1. A sanitizing system having a sanitizing chamber, said sanitizing system employing electrophoresis to circulate an airborne sanitizing agent within said sanitizing chamber.

2. The sanitizing device of claim 1 wherein said sanitizing agent is ozone.

3. The sanitizing system of claim 2 wherein said ozone is produced by an ozone generator.

4. The sanitizing system of claim 3 wherein said ozone generator is a corona discharge generator.

5. The sanitizing system of claim 1 wherein said electrophoresis is generated by an electrophoretic generator.

6. The sanitizing system of claim 5 wherein said sanitizing agent is ozone.

7. The sanitizing system of claim 5 further including:

an ozone generator for generating ozone; and

a high voltage transformer supplying high voltage pulses to said ozone generator and said electrophoretic generator.

8. The sanitizing system of claim 5 wherein said electrophoretic generator comprises two electrodes as an operative pair.

9. The sanitizing system of claim 5 wherein said electrophoretic generator comprises multiple electrodes as operative pairs.
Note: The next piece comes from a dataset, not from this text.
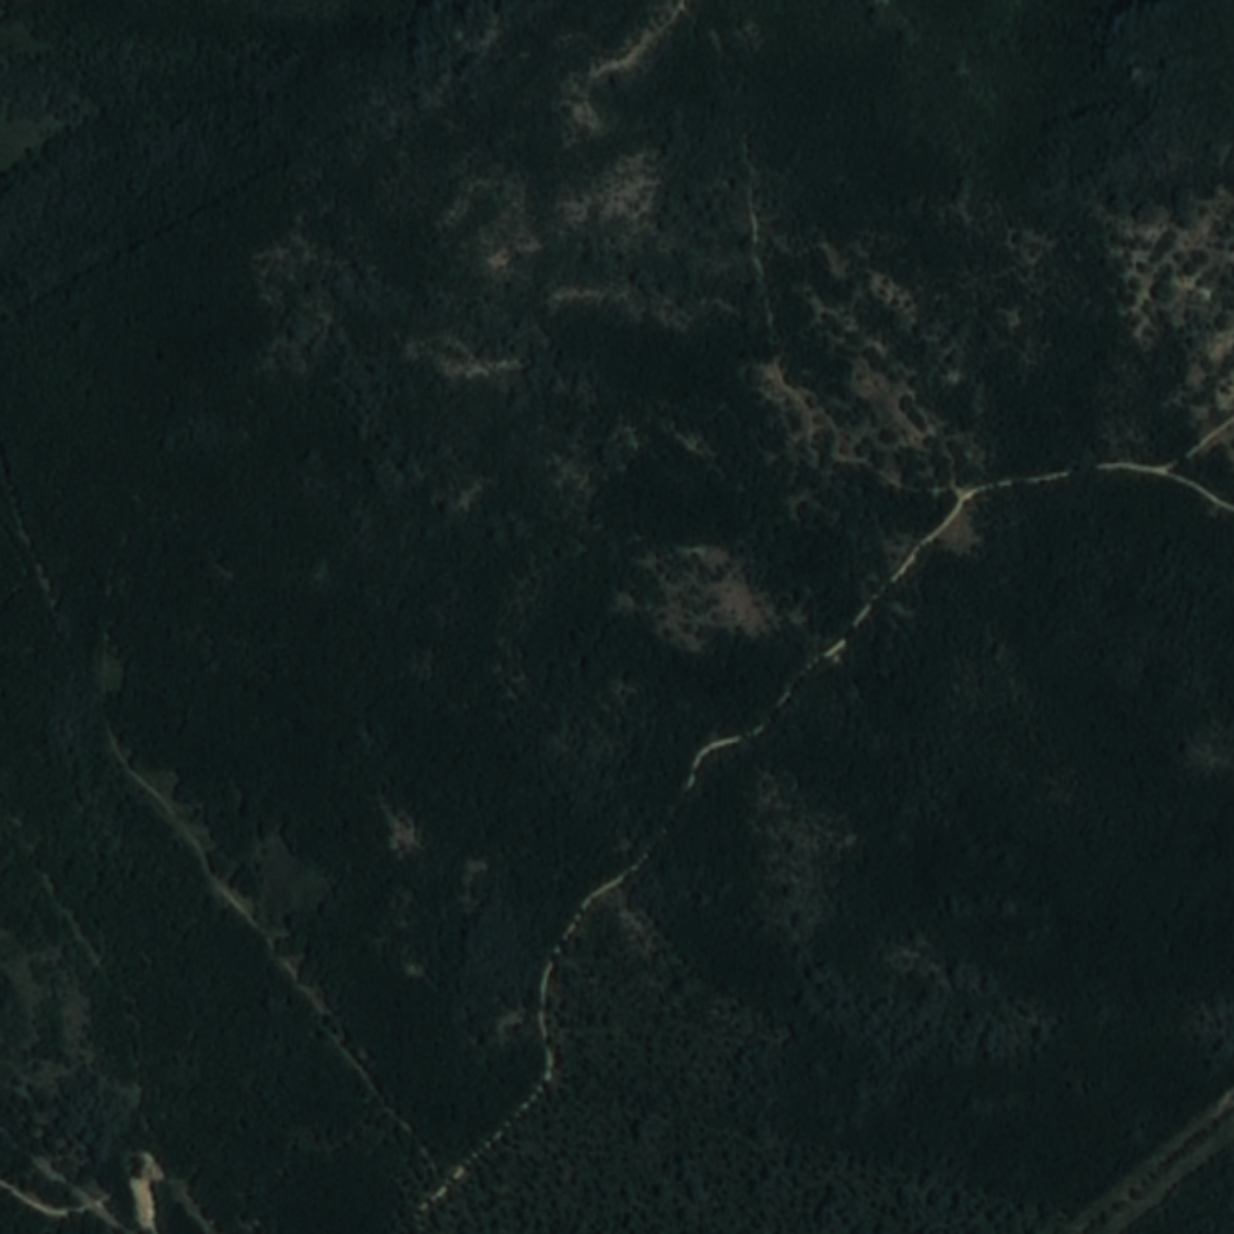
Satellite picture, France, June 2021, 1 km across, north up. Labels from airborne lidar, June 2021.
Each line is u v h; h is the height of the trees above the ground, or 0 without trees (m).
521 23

10. The electrophoretic generator of claim 8 wherein said electrodes comprise at least one ring electrode and one pointed electrode.

11. The electrophoretic generator of claim 8 wherein said electrodes are of geometric shapes such that air flows within said sanitizing chamber.

12. The electrophoretic generator of claim 8 wherein high voltage pulses are applied across said electrodes.

13. The electrophoresis generator of claim 10 further including a flow tube for directing air flow

14. The electrophoretic generator of claim 11 further comprising a half wave rectifying diode.

15. A sanitizing system having an ozone generation system, said ozone generation system comprising:

(a) an ozone generator for generating ozone; and

(b) an electrophoretic generator for moving air over said ozone generator to increase the efficiency of said ozone generator.

16. The sanitizing system of claim 15 wherein said ozone generator is a corona discharge generator.

17. A sanitizing system having a sanitizing chamber, said sanitizing system comprising:

(a) an ozone generator for generating ozone; and

(b) an electrophoretic generator for circulating said ozone within said sanitizing chamber.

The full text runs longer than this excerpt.